Cosmological evolution driven by polytropic fluids in an inhomogeneous spacetime

TL;DR

This paper explores a generalized Chaplygin gas model with a polytropic equation of state in an inhomogeneous spacetime, deriving analytical cosmological parameters and testing the model against observational data to address dark energy.

Contribution

It introduces a novel inhomogeneous spacetime framework for the GCG model and derives analytical expressions for key cosmological parameters within this setup.

Findings

Analytical expressions for scale factor, Hubble, and deceleration parameters derived.

Model tested against observational data to constrain parameters.

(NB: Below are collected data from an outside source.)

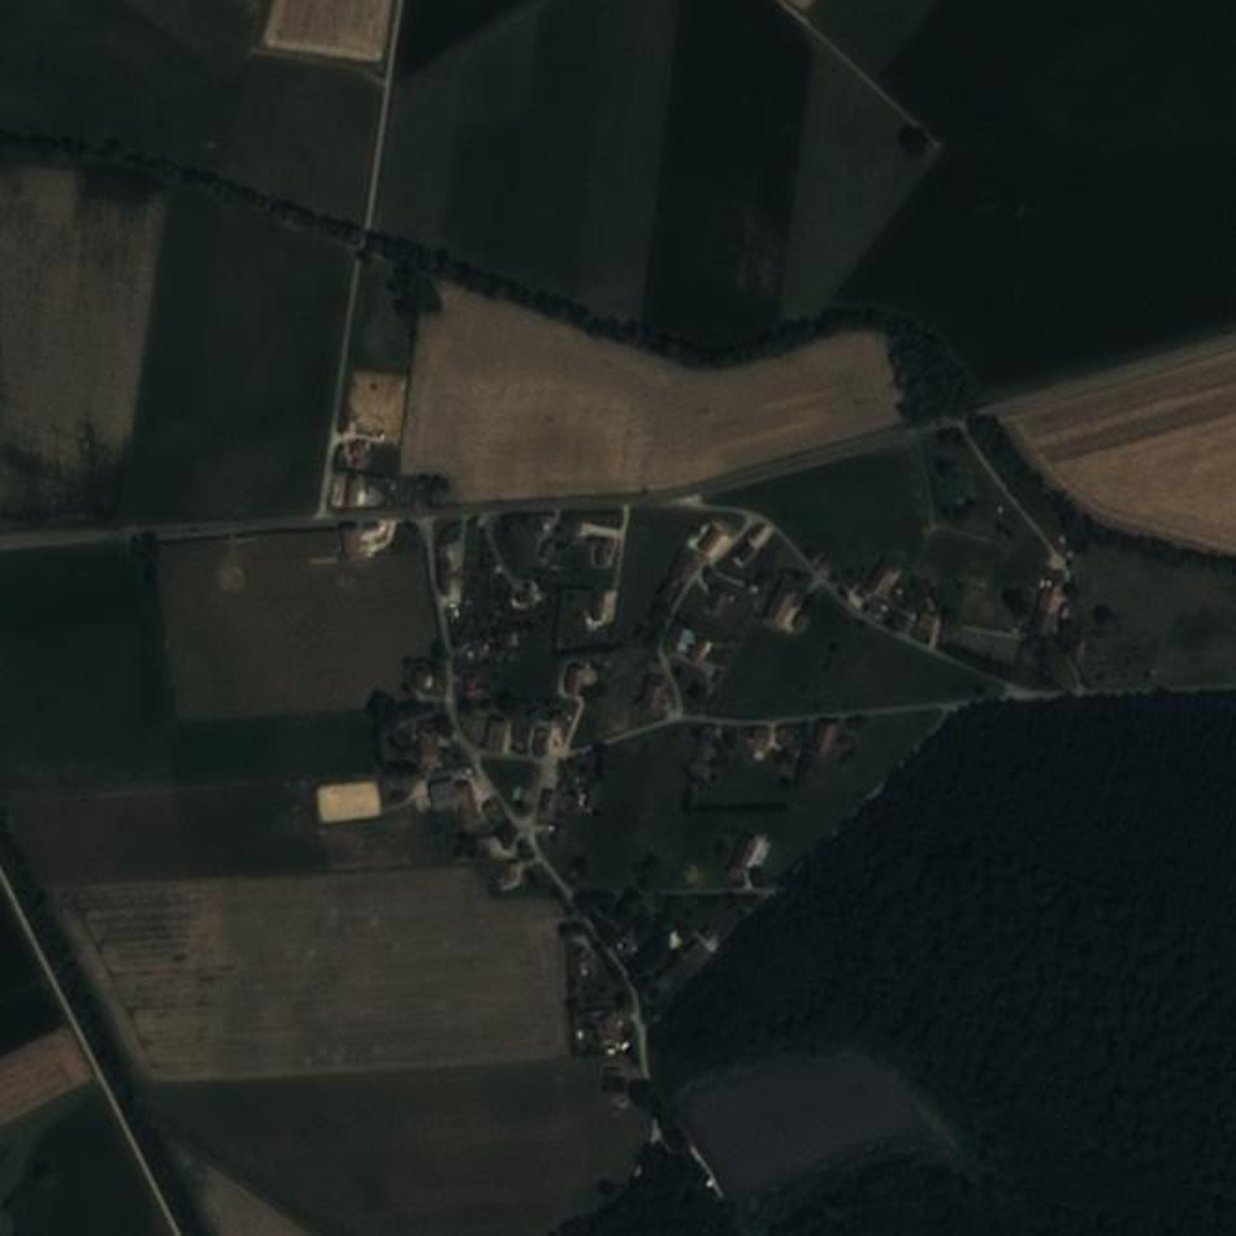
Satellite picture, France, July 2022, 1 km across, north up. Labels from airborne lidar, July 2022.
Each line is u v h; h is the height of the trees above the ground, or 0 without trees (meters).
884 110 0
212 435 0
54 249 0
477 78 0
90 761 0
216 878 0
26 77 0
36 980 0
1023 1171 16
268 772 0
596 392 0
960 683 0
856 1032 21
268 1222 0
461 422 0
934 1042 21
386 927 0
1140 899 22
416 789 0
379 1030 0
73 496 0
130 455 0
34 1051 0
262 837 0
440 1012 0
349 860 0
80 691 0
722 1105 0
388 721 18
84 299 0
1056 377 0
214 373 0
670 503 0
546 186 0
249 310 0
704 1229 15
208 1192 0
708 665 0
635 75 0
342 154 0
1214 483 0
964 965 15
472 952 0
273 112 0
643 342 17
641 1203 21
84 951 0
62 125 0
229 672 0
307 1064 0
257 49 0
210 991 0
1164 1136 22
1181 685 0
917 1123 0
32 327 0
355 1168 0
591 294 0
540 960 0
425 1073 0
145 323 0
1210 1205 17
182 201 0
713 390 0
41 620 0
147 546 15
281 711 0
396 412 0
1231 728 12
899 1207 19
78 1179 0
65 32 0
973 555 0
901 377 20
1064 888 12
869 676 0
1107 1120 12
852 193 0
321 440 0
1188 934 19
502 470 0
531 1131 0
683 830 0
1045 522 26
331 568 0
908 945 20
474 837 6
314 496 0
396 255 11
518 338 0
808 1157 0
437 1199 0
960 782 19
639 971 14
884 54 0
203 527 0
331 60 0
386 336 0
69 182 0
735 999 18
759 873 9
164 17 0
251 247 0
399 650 0
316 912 0
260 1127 0
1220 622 0
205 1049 0
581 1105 0
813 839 0
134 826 0
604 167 0
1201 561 10
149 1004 0
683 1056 18
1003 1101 23
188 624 0
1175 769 18
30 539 0
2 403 0
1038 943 23
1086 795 18
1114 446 0
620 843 0
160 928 0
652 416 0
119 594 0
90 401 0
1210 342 0
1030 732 18
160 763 0
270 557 0
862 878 17
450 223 0
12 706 0
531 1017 0
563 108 0
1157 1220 14
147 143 0
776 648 0
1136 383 0
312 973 0
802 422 0
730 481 0
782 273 0
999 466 25
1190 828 15
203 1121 0
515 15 0
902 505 0
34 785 0
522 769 0
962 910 24
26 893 9
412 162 0
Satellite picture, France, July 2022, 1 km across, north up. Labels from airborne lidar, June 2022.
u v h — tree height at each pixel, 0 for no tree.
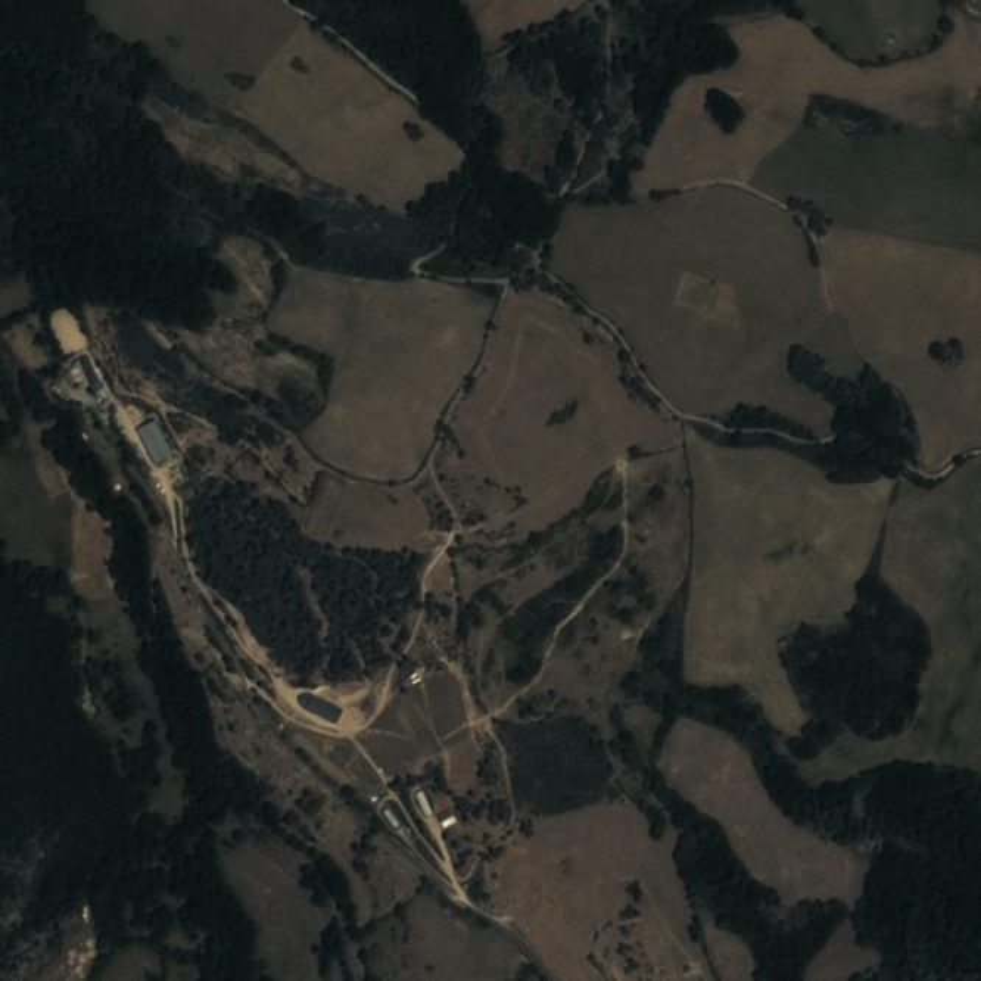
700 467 0
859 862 0
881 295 0
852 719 12
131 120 9
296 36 0
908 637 7
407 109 0
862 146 0
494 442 0
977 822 14
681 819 16
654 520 0
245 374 0
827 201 0
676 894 0
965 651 0
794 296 0
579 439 0
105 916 27
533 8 0
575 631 0
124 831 21
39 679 21
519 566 0
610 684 0
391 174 0
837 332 0
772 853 0
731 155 0
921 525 0
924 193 0
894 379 0
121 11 0
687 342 0
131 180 12
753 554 0
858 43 0
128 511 17
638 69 12
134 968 0
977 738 0
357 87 0
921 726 0
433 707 0
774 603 0
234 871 0
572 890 0
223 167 0
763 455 0
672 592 0
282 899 0
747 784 0
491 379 0
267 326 0
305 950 0
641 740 0
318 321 0
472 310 0
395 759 0
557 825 0
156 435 0
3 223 0
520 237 23
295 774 0
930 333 0
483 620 7
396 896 0
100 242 13
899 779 17
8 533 0
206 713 7
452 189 16
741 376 0
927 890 11
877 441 12
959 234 0
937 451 0
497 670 0
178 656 9
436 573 0
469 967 0
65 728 23
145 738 8
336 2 15
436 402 0
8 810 17
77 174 7
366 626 14
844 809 14
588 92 17
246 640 0
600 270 0
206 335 0
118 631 0
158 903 6
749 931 7
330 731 0
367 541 0
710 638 0
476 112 10
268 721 0
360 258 8
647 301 0
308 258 6
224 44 0
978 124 0
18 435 15
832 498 0
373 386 0
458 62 21
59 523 0
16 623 19
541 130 0
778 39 0
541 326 0
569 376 0
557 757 0
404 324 0
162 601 9
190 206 9
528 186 13
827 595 0
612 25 0
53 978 0
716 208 0
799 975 8
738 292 0
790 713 0
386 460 0
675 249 0
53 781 23
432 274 7
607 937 0
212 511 12
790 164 0
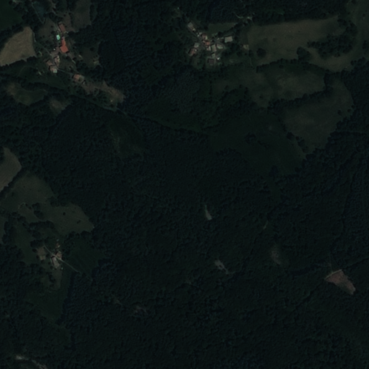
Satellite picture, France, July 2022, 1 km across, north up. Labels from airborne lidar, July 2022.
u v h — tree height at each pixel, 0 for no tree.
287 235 24
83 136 18
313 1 18
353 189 22
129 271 27
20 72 0
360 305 16
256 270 22
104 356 22
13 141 6
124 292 17
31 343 24
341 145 21
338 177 17
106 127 17
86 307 23
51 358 20
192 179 23
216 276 23
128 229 25
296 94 0
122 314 25
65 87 0
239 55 11
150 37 6
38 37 8
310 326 22
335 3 17
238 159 22
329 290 17
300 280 24
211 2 7
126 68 22
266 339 31
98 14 9
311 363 18
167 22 13
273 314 14
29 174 0
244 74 0
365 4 0
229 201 20
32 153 13
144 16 23
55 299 0
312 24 0
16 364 8
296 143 0
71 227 0
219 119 17
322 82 0
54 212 0
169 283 24
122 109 31
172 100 30
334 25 0
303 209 29
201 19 11
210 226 22
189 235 18
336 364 28
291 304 22
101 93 12
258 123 0
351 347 21
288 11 14
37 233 20
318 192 22
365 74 21
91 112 19
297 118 0
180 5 10
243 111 17
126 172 20
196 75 24
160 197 17
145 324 25
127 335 26
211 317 27
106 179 23
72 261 0
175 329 23
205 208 11
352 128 22
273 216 28
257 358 23
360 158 11
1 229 0
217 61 0
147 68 20
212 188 13
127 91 18
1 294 18
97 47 0
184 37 7
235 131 0
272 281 15
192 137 21
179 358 28
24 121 7
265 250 26
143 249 26
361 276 23
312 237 6
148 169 21
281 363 31
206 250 15
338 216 20
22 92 0
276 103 13
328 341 8
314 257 9
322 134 0
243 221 30
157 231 27
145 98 34
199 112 24
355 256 18
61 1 17
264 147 22
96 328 25
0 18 0
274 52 0
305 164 18
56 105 0
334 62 0
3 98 13
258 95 0
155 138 18
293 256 8
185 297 19
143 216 24
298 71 0
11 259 23
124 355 27
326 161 23
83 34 9
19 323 29
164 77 8
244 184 23
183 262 26
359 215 20
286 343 30
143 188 20
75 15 0
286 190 25
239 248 21
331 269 22
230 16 37
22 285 20
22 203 0
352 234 9
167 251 23
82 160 26
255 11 15
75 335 26
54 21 10
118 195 28
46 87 18
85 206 19
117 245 25
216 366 37
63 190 17
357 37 0
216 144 0
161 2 25
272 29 0
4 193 15
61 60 0
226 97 18
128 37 32
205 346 25
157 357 25
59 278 0
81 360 27
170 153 20
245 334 25
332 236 21
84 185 22
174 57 18
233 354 20
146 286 18
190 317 24
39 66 0
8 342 23
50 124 20
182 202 20
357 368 13
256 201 23
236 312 21
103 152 22
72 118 24
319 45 17
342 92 0
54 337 26
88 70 21
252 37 0
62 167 25
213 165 17
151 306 16
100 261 0
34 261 0
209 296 15
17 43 0
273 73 0
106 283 25
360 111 16
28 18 20
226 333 20
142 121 31
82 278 23
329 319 20
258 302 22
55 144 22
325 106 0
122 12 22
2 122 31
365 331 14
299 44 0
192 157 17
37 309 5
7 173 0
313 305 24
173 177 22
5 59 0
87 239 25
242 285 28
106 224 24

Viability of GCG in inhomogeneous spacetime evaluated.

Abstract

Addressing the late-time accelerated expansion of the universe, known as the "dark energy problem", remains a central challenge in cosmology. While the cosmological constant is the standard explanation, alternative models such as quintessence, phantom fluids, and Chaplygin gas have been proposed. This work investigates the generalized Chaplygin gas (GCG) model, which is characterized by a polytropic equation of state. We explore this model within the framework of an anisotropic fluid, by means of a metric that reduces to the standard form of the Friedmann-Lema\^itre-Robertson-Walker (FLRW) spacetime at cosmological scales. To assess the model's viability, we derive analytical expressions for the scale factor, the Hubble parameter, and the deceleration parameter. Finally, the model is tested against observational data to constrain its parameters and evaluate its consistency.